Canine Linebacker
2006-10-22 10:40 p.m.

I am now cross-posting everything to LiveJournal. I'm Educaitlin over there, too, for all you LJers who come slummin' to D-land just to read me. ( Yes, I'm delusional, but I'm happy.)

I am adjusting to having a normal dog. For years, we've owned interesting border-collie crosses. Those dogs were *smart.* As in, if they had thumbs, they could'a done our taxes. Junior and Casey both had huge vocabularies, knew the names of things they liked (or disliked) and could spell. I've always wondered how much energy it takes to have a full-bore border collie. The fullbloods I've met seemed like distracted geniuses. If they'd been able to stop their ceaseless obsessive-compulsive movement, they'd be out curing cancer, but right now, tennis balls are just too darn important.

So, after years of owning the chess club-and-science-fair sort of dog, we now own Thor.

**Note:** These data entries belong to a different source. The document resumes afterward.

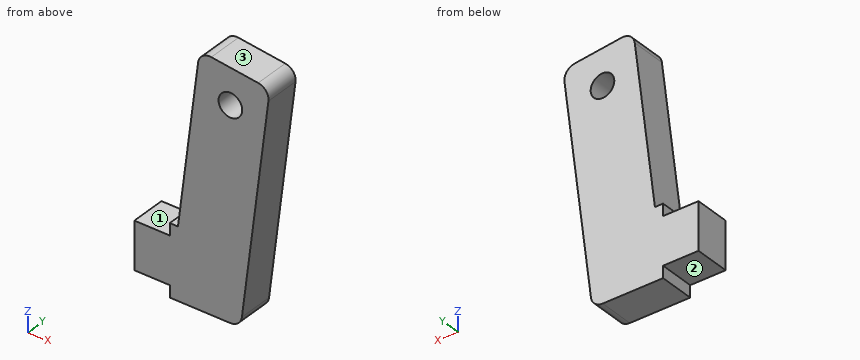
from build123d import *

# Parameters (mm, degrees)
SKETCH2_R           = 1
BOSS_EXTRUDE1_DEPTH = 3
FILLET1_R           = 1


with BuildPart() as part:
    # Sketch2 → Boss-Extrude1 (new body)
    with BuildSketch(Plane(origin=(0, 0, 0), x_dir=(1, 0, 0), z_dir=(0, 1, 0))):
        Polygon((20.748238747, 19.933341623), (14.748238747, 19.933341623), (14.748238747, 18.933341623), (11.748238747, 18.933341623), (11.748238747, 14.933341623), (14.748238747, 14.933341623), (14.748238747, 13.933341623), (15.43988716, 13.933341623), (17.267927311, -0.954850651), (23.22320422, -0.223634591), align=None)
        with Locations(Location((19.879957735, 2.388395834, 0), (0, 0, 270))):
            Circle(SKETCH2_R, mode=Mode.SUBTRACT)
    extrude(amount=BOSS_EXTRUDE1_DEPTH)

    # Fillet1
    fillet1_edges = [part.edges().sort_by_distance(p)[0] for p in [
        (20.748238747, 1.5, -19.933341623),
        (23.22320422, 1.5, 0.223634591),
        (17.267927311, 1.5, 0.954850651),
    ]]
    fillet(fillet1_edges, radius=FILLET1_R)


solid = part.part
Geometry: final body of the model. Coordinates: model frame, mm. Face numbers are marked on the shaded views. A direction names the side the tool comes from. Give positions to 0.01 mm unless a question says otherwise; leave off trailing zeros. Write each loop counter-clockwise with the first axis right and the second up, starting at its lowest first coordinate (ties: lowest second). Pieces come first, ordered by that corner, then holes. Notation, with made-up numbers: (57.5, 86.5) - (76.5, 86.5) arc R9 ccw to (76.5, 92.5) - close; hole circle Ø7 at (40.5, 25.5). An arc over 180 degrees is marked (long way). Return JSON: item names as keys, results as strings. Group by question number.
1) Section A-A on y = 0.8. Return the cut outline in (x, z).
2) Line query: line 1 (Z direction, x = 18, y = 1.35); line 2 (X direction, y = 2.1, z = -3); line 3 (Z direction, x = 14, y = 0.4). Output: solid intervals per line, ascending.
3) First-contact query: P1, Ø0.9, axis at x = 13, y = 2, coming from the +Z side; P2, Ø0.9, axis at x = 13, y = 1.5, coming from the -Z side. Flat tips, straight axial feed; report the tip coordinate or a pass-through.
4) Set-up query: the marked faces 1, 2 and 3. Return all of +Z, -Z, +X, -X, +Y, -Y with unobstructed straight access to the full face (end or side cutting, diameter ignored); none if empty.
5) Section C-C on z = -4.5. Return the cut outline in (x, y).
6) Section B-B on x = 16. Return the cut outline in (y, z).
Filled in:
{
 "1": {"outline": "(11.75, -18.93) - (14.75, -18.93) - (14.75, -19.93) - (19.86, -19.93) arc R1 ccw to (20.86, -19.06) - (23.1, -0.77) arc R1 ccw to (22.23, 0.35) - (18.26, 0.83) arc R1 ccw to (17.15, -0.04) - (15.44, -13.93) - (14.75, -13.93) - (14.75, -14.93) - (11.75, -14.93) - close; hole circle Ø2 at (19.88, -2.39)"},
 "2": {"line 1": "z = -19.93 to 0.83", "line 2": "x = 16.78 to 19.09, 20.67 to 22.83", "line 3": "z = -18.93 to -14.93"},
 "3": {"P1": "stops at z = -14.93", "P2": "stops at z = -18.93"},
 "4": {"face 1": "+Z, -X, +Y, -Y", "face 2": "-Z, -X, +Y, -Y", "face 3": "+Z, +X, +Y, -Y"},
 "5": {"outline": "(16.6, 0) - (22.64, 0) - (22.64, 3) - (16.6, 3) - close"},
 "6": {"outline": "(0, -19.93) - (3, -19.93) - (3, -9.37) - (0, -9.37) - close"}
}

He is absolutely a sweetheart, a big floppy love of a dog who wants nothing more than to drape his jowly, heavy self all over his people and drool on them. He's not very complex, is all. He's not dumb, he's just got normal dog-level intelligence. He seems so simple and naive. Thor's more the linebacker type of dog. He gets how the plays work, but he needs a quarterback to lead him and a coach to keep him straight. He won't figure it out on his own. He'd rather snooze, while he waits for someone to tell him what to do.

The only time I've seen Thor take the initiative is when he perceives a threat to his persons. Then he's impressive. Something like two thousand years of breeding for loyalty and protectiveness suddenly shows up, and strangers back away. He's never aggressive (unless he's playing), but he only needs to bark and flex a bit to become truly imposing.

If I can teach him that my slippers are not toys,and the vacuum is not his mortal enemy,we'll be getting somewhere.